Jerónimo Alayón Gómez
Los tiranos odian a las universidades, salvo cuando se les arrodillan.
Ocurrió en el Paraninfo de la
Universidad de Salamanca, un ahora lejano 12 de octubre de 1936. Algo
que podría tomarse como el símbolo del enfrentamiento entre la barbarie y
la academia. El General de la Legión Española José Millán-Astray se
había robado el derecho de palabra y no fue poca cosa lo que dijo: gritó
“¡Viva la muerte, abajo la inteligencia!”, pero además a quien
le había usurpado el derecho de palabra era don Miguel de Unamuno, quien
había empezado con aquello de “Quedarse callado equivale a mentir”.
Unamuno terminó su intervención con uno
de los mejores discursos improvisados en la historia de la oratoria
académica y política: “Éste es el templo de la inteligencia y yo soy su
sumo sacerdote. Estáis profanando su sagrado recinto. Venceréis, porque
tenéis sobrada fuerza bruta. Pero no convenceréis. Para convencer hay
que persuadir y para persuadir necesitaréis algo que os falta: razón y
derecho en la lucha”.
El miércoles 19 de junio de 2013
escuchamos una vez más el grito de la barbarie en la Universidad Central
de Venezuela. Bien ha acertado Rayma al reinterpretar El grito, de Edvard Munch,
con el reloj de Villanueva y Otaola al fondo. Los bárbaros de hoy no se
conforman, como Millán-Astray, con gritar. Cumplen su grito. Matan y
matan de un modo peor, porque matan el arte, el saber, la memoria
cultural que se nutre de los valores civilizatorios.
Los bárbaros que incendiaron el
Rectorado de la Universidad Central de Venezuela, además de dañar el
edificio, infligieron seriamente el mural de Oswaldo Vigas Un elemento-personaje vertical en evolución horizontal
(1954), que forma parte del Patrimonio Mundial que es la Ciudad
Universitaria de Caracas.
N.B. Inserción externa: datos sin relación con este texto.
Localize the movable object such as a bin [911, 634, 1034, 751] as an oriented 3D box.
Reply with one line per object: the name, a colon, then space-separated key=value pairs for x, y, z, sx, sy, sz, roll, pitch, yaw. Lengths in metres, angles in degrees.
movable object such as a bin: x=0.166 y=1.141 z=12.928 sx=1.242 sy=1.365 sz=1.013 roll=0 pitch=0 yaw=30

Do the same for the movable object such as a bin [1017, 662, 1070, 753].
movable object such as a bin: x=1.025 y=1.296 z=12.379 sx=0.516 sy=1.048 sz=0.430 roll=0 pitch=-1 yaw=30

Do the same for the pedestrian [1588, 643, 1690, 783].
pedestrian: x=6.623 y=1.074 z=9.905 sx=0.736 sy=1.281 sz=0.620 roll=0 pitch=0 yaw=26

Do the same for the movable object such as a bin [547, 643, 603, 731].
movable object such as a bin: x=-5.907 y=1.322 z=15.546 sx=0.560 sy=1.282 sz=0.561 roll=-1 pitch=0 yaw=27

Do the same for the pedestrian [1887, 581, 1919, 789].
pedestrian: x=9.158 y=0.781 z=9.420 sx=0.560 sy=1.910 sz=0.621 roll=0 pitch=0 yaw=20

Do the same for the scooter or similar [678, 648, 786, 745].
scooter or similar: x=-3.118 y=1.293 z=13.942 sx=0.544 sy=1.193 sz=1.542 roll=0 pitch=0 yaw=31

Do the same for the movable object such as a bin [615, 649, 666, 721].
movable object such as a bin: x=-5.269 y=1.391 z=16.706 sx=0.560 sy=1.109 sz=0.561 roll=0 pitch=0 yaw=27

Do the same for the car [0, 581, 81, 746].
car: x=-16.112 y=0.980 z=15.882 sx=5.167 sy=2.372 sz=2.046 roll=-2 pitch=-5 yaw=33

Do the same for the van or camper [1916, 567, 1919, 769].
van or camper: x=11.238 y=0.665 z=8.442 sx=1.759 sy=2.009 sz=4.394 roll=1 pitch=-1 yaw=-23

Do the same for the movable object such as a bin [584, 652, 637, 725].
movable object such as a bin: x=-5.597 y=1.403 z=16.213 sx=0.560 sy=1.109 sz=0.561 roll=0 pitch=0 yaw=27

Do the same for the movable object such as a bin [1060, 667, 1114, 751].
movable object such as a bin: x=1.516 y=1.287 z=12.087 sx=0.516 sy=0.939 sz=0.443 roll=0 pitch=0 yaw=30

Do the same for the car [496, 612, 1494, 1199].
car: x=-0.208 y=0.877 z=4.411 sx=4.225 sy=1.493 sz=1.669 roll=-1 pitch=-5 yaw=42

Y uno recuerda a Unamuno atizando el verbo
para no mentir con su silencio de aquiescencia.
No hay modo de vencer si no es
convenciendo. Unamuno hablaba de esa erótica verbal que es la
persuasión, de ese modo sutil de violencia con que los griegos
sustituyeron la violencia ostensible del grito. Persuadir es, además,
una erótica del pensamiento. Por eso los tiranos odian la
universidad, porque ellos sólo saben gritar: son heraldos de un silencio
amordazado con palabras traicionadas.
Cuando se haga la historia de esta
salvaje imposición de un pensamiento único se dirá, como Emilio Lledó
dice hoy de la España franquista, que fue un tiempo gris.
La historia no perdona.
No importa cuán bonito hablen los
autócratas y sus fantoches en la universidad. La historia es un
rastrillo que limpia de disfraces el discurso efectista de los funestos.
Quienes intentan acallar a la universidad olvidan aquello de George
Steiner sobre el silencio impuesto: sería un silencio “desesperado por
el recuerdo de la palabra”, y la universidad es el hogar natural de la
palabra universal, crítica e insumisa.